- What you will do -
A verbatim copy of the data is wanted, minus any picture in it.

- Raw data -
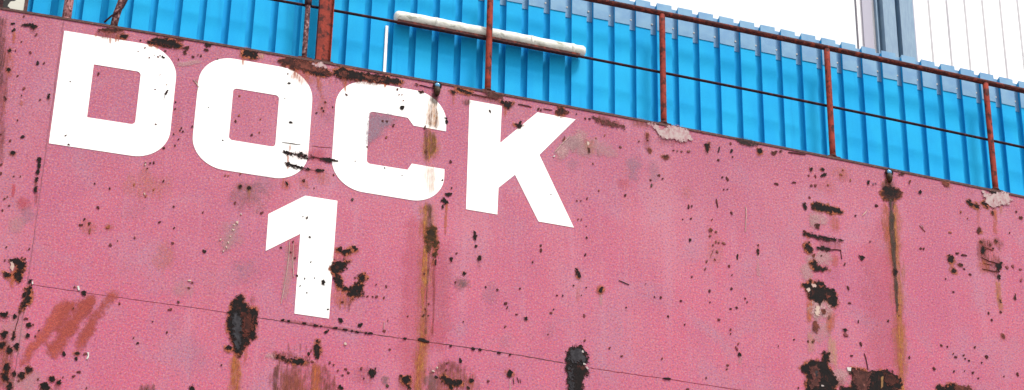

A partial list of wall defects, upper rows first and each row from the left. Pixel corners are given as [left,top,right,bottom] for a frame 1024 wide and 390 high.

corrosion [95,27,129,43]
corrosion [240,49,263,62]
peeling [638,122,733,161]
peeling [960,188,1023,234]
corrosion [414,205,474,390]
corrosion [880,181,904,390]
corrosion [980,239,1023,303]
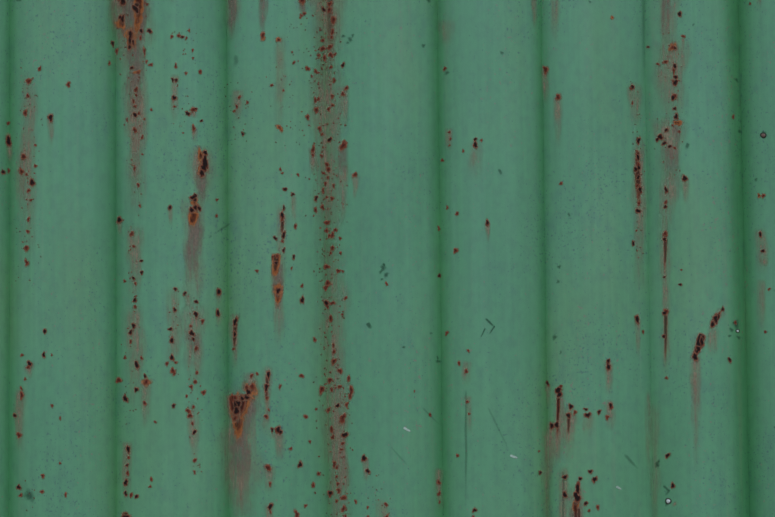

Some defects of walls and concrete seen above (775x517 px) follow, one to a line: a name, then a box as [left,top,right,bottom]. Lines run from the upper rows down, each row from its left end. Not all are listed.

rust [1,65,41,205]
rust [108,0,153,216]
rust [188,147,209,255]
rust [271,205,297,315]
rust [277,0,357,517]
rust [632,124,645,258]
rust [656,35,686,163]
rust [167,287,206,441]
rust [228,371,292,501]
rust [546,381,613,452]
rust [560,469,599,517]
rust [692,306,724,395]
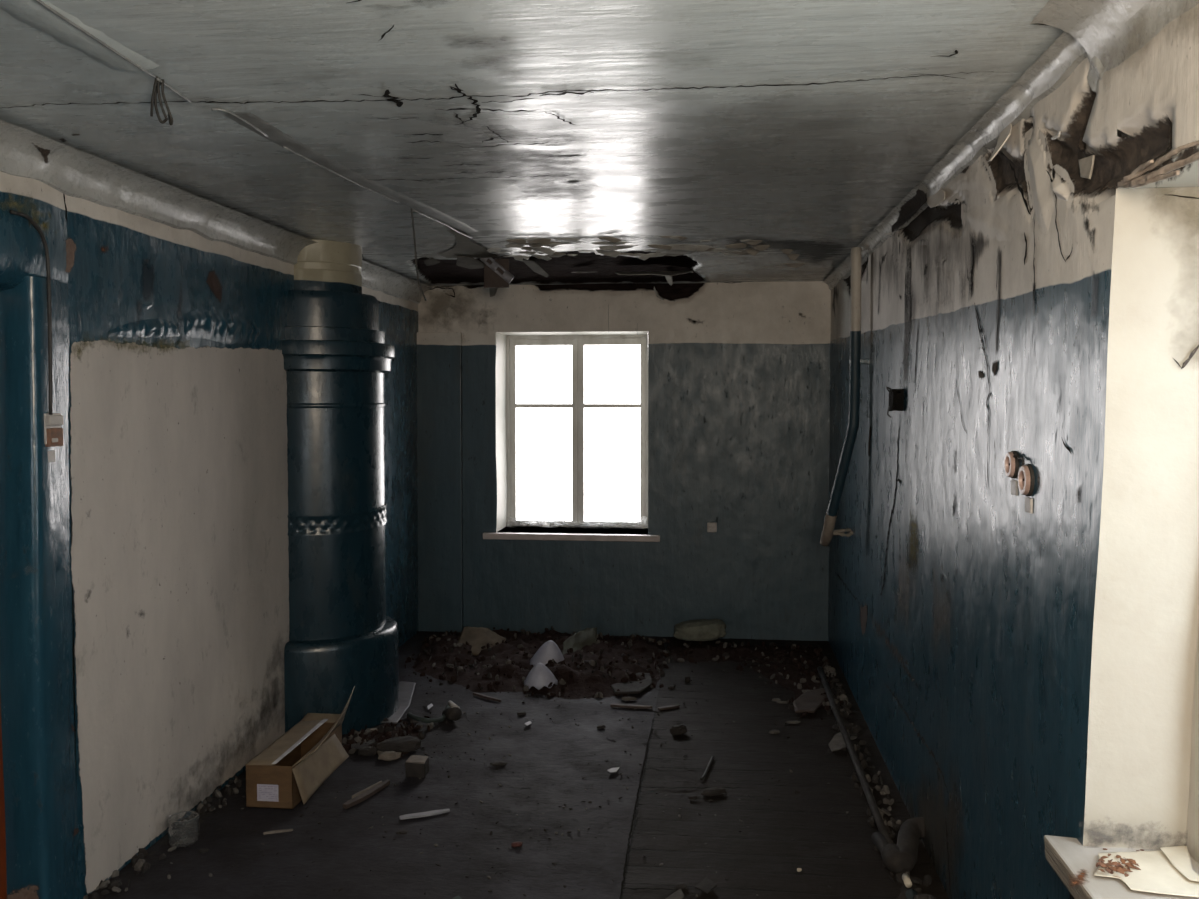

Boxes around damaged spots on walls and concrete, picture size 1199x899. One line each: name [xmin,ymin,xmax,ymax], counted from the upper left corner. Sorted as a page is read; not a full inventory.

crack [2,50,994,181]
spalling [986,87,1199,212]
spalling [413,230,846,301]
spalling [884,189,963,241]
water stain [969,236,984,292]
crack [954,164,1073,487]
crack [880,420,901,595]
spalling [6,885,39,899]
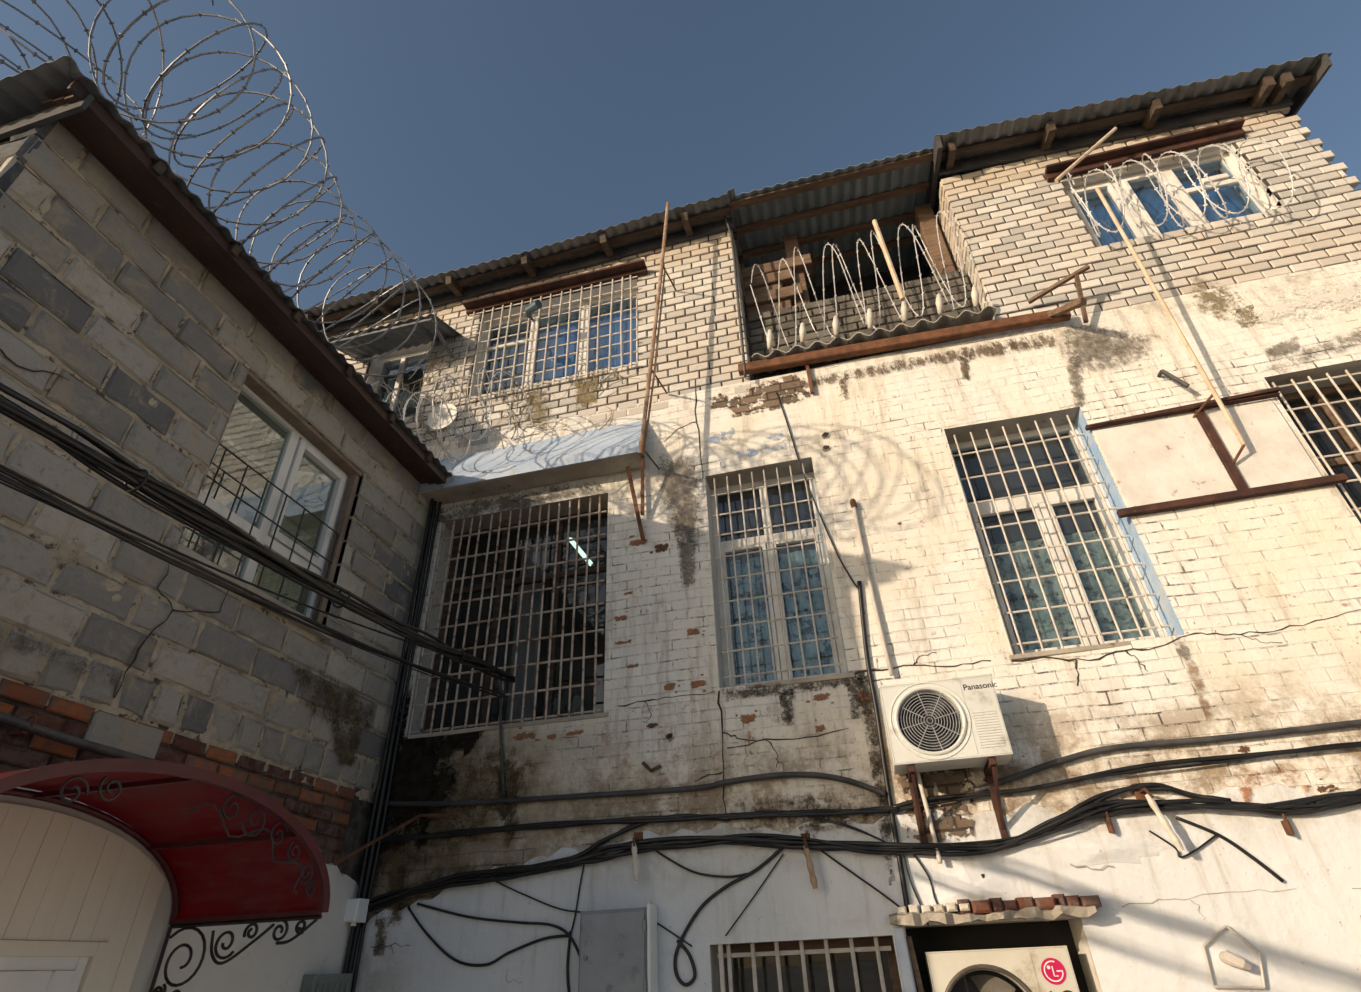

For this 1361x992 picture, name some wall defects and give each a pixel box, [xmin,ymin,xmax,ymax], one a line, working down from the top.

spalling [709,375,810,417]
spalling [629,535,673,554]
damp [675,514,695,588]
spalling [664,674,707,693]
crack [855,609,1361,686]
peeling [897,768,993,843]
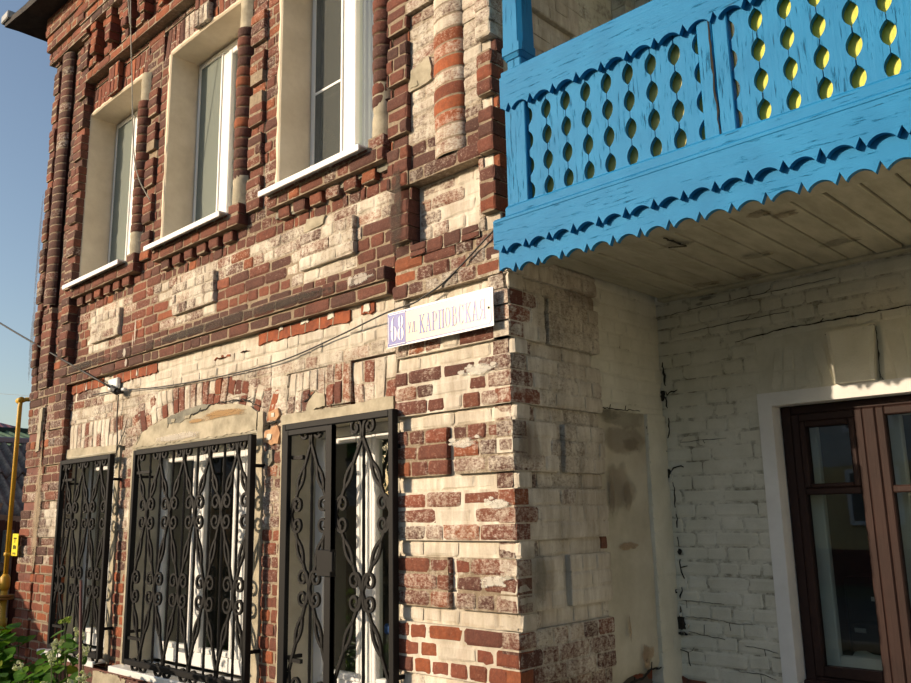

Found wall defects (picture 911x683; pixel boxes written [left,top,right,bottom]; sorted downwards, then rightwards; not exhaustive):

- Expected answer -
A partial list of wall defects, upper rows first and each row from the left. Pixel corners are given as [left,top,right,bottom] for a frame 1024 wide and 390 high.

corrosion [95,27,129,43]
corrosion [240,49,263,62]
peeling [638,122,733,161]
peeling [960,188,1023,234]
corrosion [414,205,474,390]
corrosion [880,181,904,390]
corrosion [980,239,1023,303]

Some defects of walls and concrete seen above (775x517 px) follow, one to a line: a name, then a box as [left,top,right,bottom]. Lines run from the upper rows down, each row from its left end. Not all are listed.

rust [1,65,41,205]
rust [108,0,153,216]
rust [188,147,209,255]
rust [271,205,297,315]
rust [277,0,357,517]
rust [632,124,645,258]
rust [656,35,686,163]
rust [167,287,206,441]
rust [228,371,292,501]
rust [546,381,613,452]
rust [560,469,599,517]
rust [692,306,724,395]

Boxes around damaged spots on walls and concrete, picture size 1199x899. One line each: name [xmin,ymin,xmax,ymax], counted from the upper left corner. Sorted as a page is read; not a full inventory.

crack [2,50,994,181]
spalling [986,87,1199,212]
spalling [413,230,846,301]
spalling [884,189,963,241]
water stain [969,236,984,292]
crack [954,164,1073,487]
crack [880,420,901,595]
spalling [6,885,39,899]

For this 1361x992 picture, name some wall defects and give each a pixel box, [xmin,ymin,xmax,ymax], one a line, working down from the top.

spalling [709,375,810,417]
spalling [629,535,673,554]
damp [675,514,695,588]
spalling [664,674,707,693]
crack [855,609,1361,686]
peeling [897,768,993,843]

Found wall defects (picture 911x683; pixel boxes written [left,top,right,bottom]; sorted downwards, then rightwards; not exhaustive):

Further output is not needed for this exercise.